Time-stamping services produce time-stamp tokens as evidence to prove that digital data existed at given points in time. Time-stamp tokens contain verifiable cryptographic bindings between data and time, which are produced using cryptographic algorithms. In the ANSI, ISO/IEC, and IETF standards for time-stamping services, cryptographic algorithms are addressed in two aspects.

  • Client-side hash functions used to hash data into digests for nondisclosure
  • Server-side algorithms used to bind the time and digests of data

These algorithms are associated with limited lifespans due to their operational life cycles and increasing computational powers of attackers. After the algorithms are compromised, time-stamp tokens using the algorithms are no longer trusted. The ANSI and ISO/IEC standards provide renewal mechanisms for time-stamp tokens. However, the renewal mechanisms for client-side hash functions are specified ambiguously, which may lead to the failure of implementations. Besides, in existing papers, the security analyses of long-term time-stamping schemes only cover the server-side renewal, and the client-side renewal is missing.

Digital data is ubiquitous in our modern world.

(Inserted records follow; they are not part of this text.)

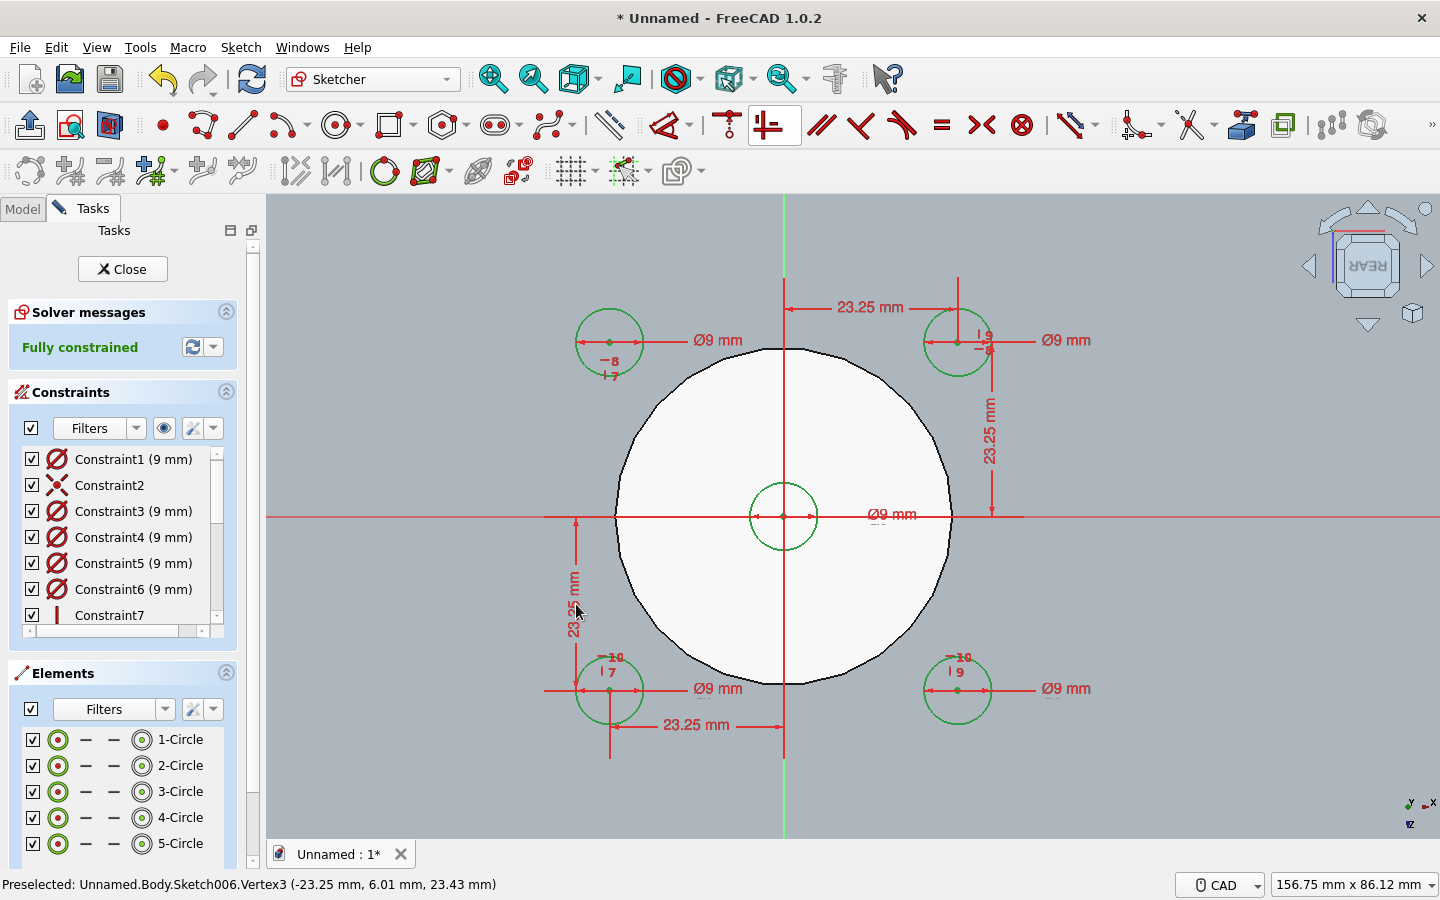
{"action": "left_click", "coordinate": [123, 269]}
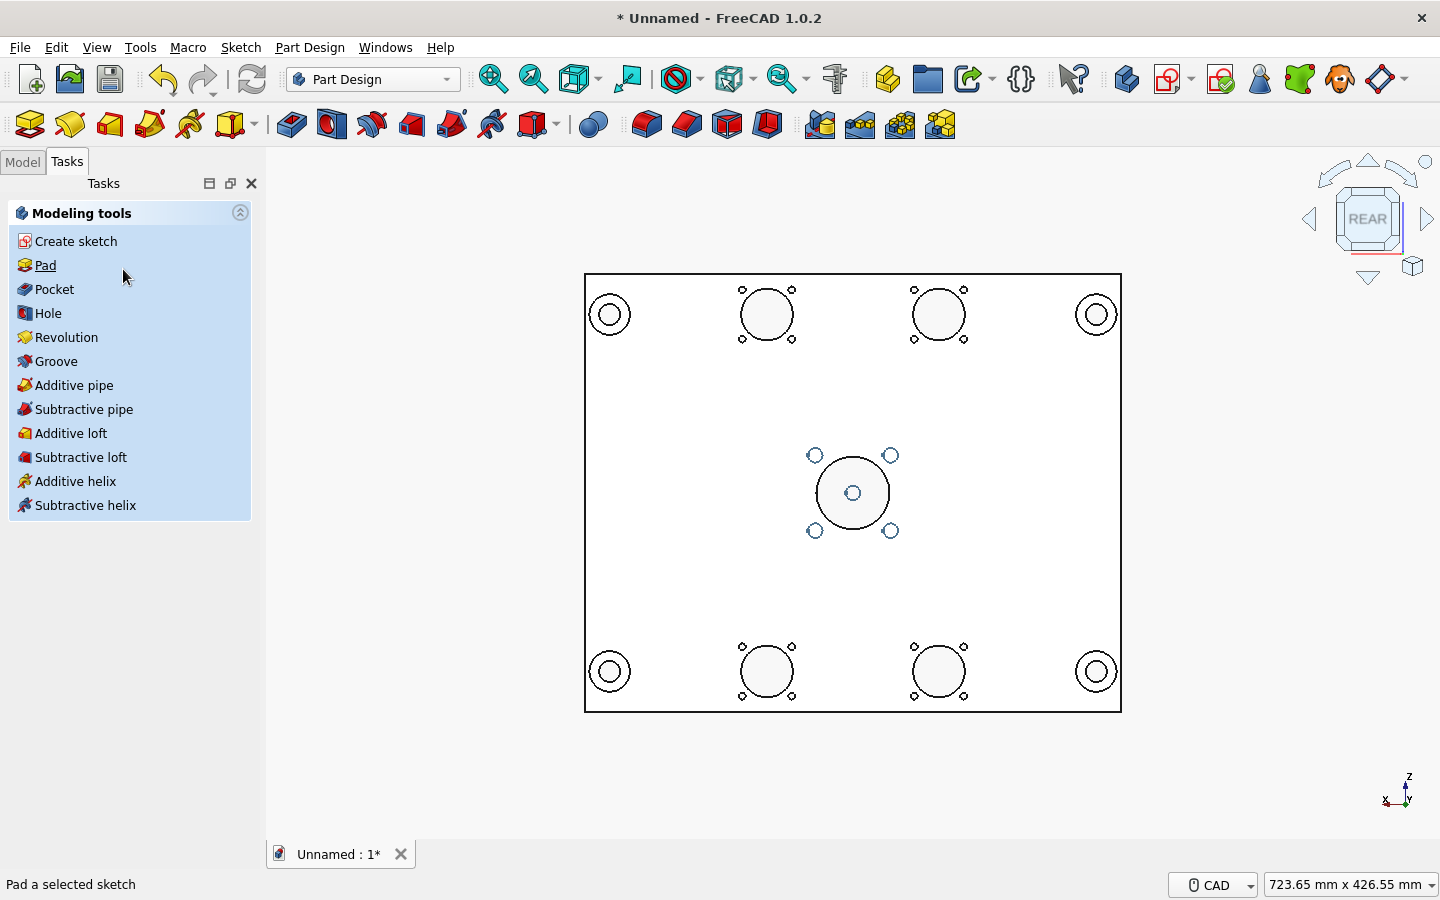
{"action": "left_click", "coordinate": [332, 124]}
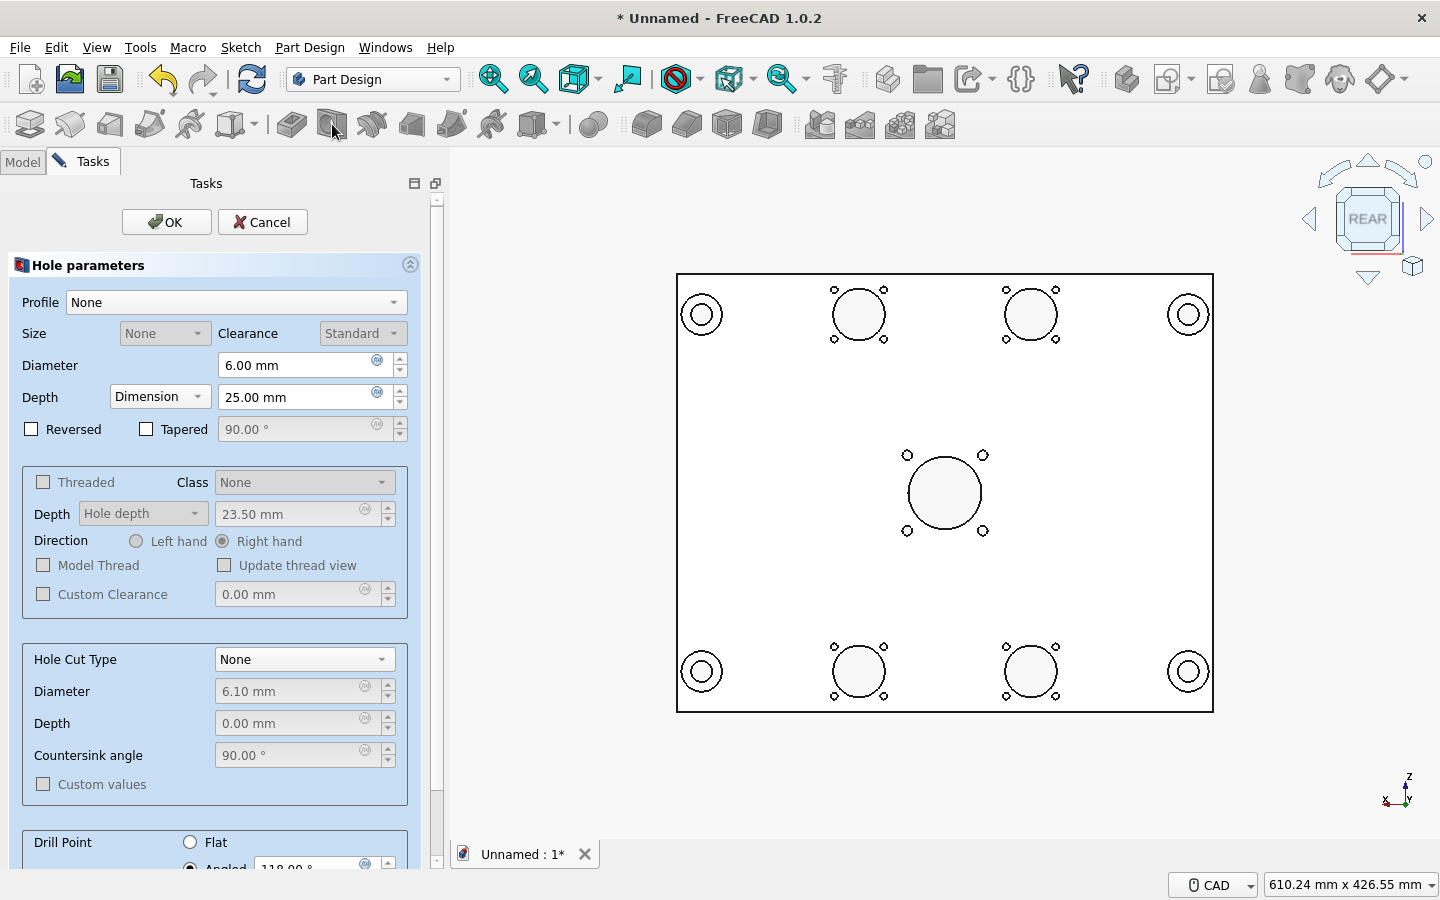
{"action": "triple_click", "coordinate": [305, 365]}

To prove the existence time of digital data, a time-stamping service produces verifiable cryptographic bindings between digital data and time to form time-stamp tokens. Such cryptographic bindings could be digital signatures, hash values, message authentication codes, etc. Most of the bindings are generated through cryptographic algorithms. Therefore, time-stamp tokens are valid only when the underlying cryptographic algorithms remain secure. For time-stamping services specified in the ANSI, IETF, and ISO/IEC standards, the cryptographic algorithms used to generate time-stamp tokens could be categorized into two sides.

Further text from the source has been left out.